Focusing on the experiences of accountability in schools

Our project has revealed different consequences of implementing mandated assessment to make schools accountable for literacy standards, focusing on six public schools in Victoria and South Australia. This objective has informed our methodological design that is based on institutional ethnography developed by Dorothy Smith (2005) and others. Institutional ethnography has offered a set of strategies for developing an understanding of schools as institutional settings in which the effects of test-based accountability are experienced at the level of everyday life. Our project team has focused, in particular, on how NAPLAN, associated with its official and semi-official texts, and new paid literacy workers (e.g., coaches, data analysts) mediate what teachers and principals do, how their work has been re-organised, intensified and reified (see Comber, 2011; Comber & Cormack, 2011; Kostogriz & Doecke, 2011; Doecke, Kostogriz & Illesca, 2010). We have also identified that a system of test-based accountability in which teachers, their practices and students are treated as measurable, instrumentalised objects of scrutiny (to be rewarded or punished), deflects attention from ethics in education and from the moral dilemmas that teachers face. Interestingly enough, the way teachers cope with the effects of accountability also opens up the prospect of teacher responsibility as a professional commitment to social justice and as a means of resisting to reification.

Institutional ethnography as a method has allowed us to uncover teachers' everyday experiences and the way the everyday shapes the ethical practice of literacy teaching. By using this methodological approach, we have been able to identify the underlying social relations and experiences that constitute school life from the point of view of participants. This type of analysis has been attempted by some ethnomethodologists who focus on the problematic of everyday practices (see Smith, 1987). However, instead of focusing on the analysis of participants' micro-interactions, institutional ethnography is more interested in the development of a participant-centred method of inquiry that recognises the integrity of everyday life and, hence, does not reduce the 'lived' character of experience. For instance, Smith (2005) argues that participants have a distinctive standpoint in perceiving their social reality and that this standpoint is situated in particular socio-historical circumstances (i.e., in the institutional or structural context of practice). What this means for our research into the professional ethics of teachers is that we resist representing their everyday experiences by using general concepts, and strive to understand their lived experiences in relation to the 'particular local historical sites' in which they operate. This approach has allowed us to disclose the everyday experiences of teachers as sites of multiple and sometimes contradictory relations. More specifically, the contradiction between accountability and responsibility has emerged as a major issue in the professional lives of teachers and principals.

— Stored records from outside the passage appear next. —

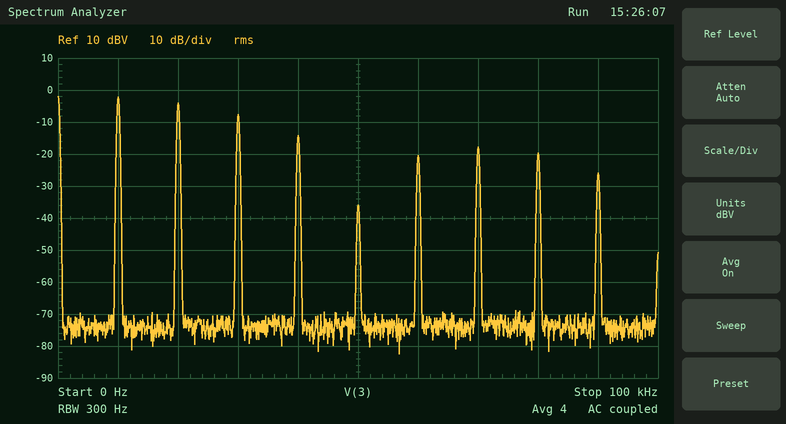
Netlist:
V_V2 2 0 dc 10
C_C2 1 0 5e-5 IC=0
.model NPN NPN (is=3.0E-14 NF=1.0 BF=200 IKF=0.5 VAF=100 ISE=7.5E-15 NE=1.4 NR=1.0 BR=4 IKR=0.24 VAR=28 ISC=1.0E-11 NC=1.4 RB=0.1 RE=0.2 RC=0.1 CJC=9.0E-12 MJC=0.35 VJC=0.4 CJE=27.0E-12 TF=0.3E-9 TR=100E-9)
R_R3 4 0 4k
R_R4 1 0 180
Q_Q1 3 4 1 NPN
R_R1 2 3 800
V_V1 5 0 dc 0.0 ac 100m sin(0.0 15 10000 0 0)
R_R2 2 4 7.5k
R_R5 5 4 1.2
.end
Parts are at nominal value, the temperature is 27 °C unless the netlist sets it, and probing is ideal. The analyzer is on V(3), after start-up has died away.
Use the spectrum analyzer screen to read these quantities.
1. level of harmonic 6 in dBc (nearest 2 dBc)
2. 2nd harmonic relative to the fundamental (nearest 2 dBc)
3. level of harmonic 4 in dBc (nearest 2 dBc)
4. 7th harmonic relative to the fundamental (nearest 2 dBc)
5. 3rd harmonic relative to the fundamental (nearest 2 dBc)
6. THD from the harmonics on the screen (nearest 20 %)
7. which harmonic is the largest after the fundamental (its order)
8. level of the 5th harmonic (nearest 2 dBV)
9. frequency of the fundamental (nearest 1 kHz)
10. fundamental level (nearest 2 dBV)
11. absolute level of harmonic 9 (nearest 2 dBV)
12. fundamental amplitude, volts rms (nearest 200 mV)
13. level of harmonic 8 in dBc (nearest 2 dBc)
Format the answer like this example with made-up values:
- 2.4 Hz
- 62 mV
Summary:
- -18 dBc
- -2 dBc
- -12 dBc
- -16 dBc
- -6 dBc
- 100 %
- 2
- -36 dBV
- 10 kHz
- -2 dBV
- -26 dBV
- 800 mV
- -18 dBc
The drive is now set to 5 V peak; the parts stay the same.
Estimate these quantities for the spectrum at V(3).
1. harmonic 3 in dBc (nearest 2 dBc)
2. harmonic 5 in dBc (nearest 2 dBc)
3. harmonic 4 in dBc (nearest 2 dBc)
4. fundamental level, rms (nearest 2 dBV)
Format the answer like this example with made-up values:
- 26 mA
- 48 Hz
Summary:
- -2 dBc
- -10 dBc
- -6 dBc
- 2 dBV
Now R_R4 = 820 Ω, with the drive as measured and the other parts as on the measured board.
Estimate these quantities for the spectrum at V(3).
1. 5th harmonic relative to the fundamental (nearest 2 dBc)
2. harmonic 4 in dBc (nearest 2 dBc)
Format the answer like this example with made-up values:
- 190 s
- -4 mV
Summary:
- -22 dBc
- -10 dBc
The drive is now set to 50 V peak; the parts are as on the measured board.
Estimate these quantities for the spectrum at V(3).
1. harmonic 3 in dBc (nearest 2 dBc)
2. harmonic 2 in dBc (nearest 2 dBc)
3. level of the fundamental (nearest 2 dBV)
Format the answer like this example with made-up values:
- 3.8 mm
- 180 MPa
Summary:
- -22 dBc
- -6 dBc
- 22 dBV

We shall briefly illustrate this contradiction by drawing on interviews conducted in two Victorian schools--a big secondary college and a small primary school. The secondary school is located in a middleclass suburb of Melbourne and has been competing with several private and public schools for students. The school has focused on improvement in the area of literacy and numeracy, implementing a number of strategies. Diagnostic assessment of students' literacy has been used in this school for several years in order to inform and enhance teaching practices. The principal perceives the value of NAPLAN in the context of a school assessment culture, where it is 'simply another instrument of measurement ... It's important in the sense of ... it gives us another check'. The school has employed a data analyst to 'pull the data apart'. The NAPLAN data are then used by teachers to identify the areas of improvement and by school administration to detect individual teachers who are or are not performing well, as reflected by the results that their students achieve. The school uses such tests as PAT R and PAT M in addition to NAPLAN in order to make an informed decision about the teachers' performance. 'Now, if there's a trend across there, if it's not one student or two students, but it's a trend, then you've got an issue with the teacher', the principal says. 'That's where we'd have to address that straight away. It's a checkpoint for us.'

The primary school, by contrast, perceives and uses NAPLAN and other test data differently from the secondary school. This school is located in a suburb of Melbourne that is undergoing gentrification. The school community has been very multicultural for several decades, and this has contributed to the school's emphasis on recognition and social justice. The principal and the teachers have a deep sense of responsibility to their students and the community. Furthermore, they perceive themselves as a community within this larger community, as a place where people from a diverse range of backgrounds come together. The principal argues that a new system of accountability attempts to transform schools into corporations, and 'we are not a corporation--we are a school'. Teachers in the school have also used diagnostic assessment tools in order to help them to address their students' needs, but they do not see any value in NAPLAN because it has no diagnostic significance and the test results become available only at the end of the school year. As one of the teachers says, 'the problem is, with the NAPLAN, the time that we do it until the time that we get the results, by the time we get the results, the kids have moved on anyway'. As a consequence, teachers perceive the test purely as a means of political accountability that requires schools to provide performance data. The principal argues in this regard, 'we have a lot of pressure to supply these data and to become public with this information. You don't really think it's about the children. You think it's about the politicians.' The teachers do recognise the importance of being accountable, but they resist the reduction of their work and the quality of their interactions with students to NAPLAN results. Education for them is about relationships with students and their parents. The school's emphasis on the ethics of care and responsibility for the students' wellbeing is a counterpoint to the demand for external accountability.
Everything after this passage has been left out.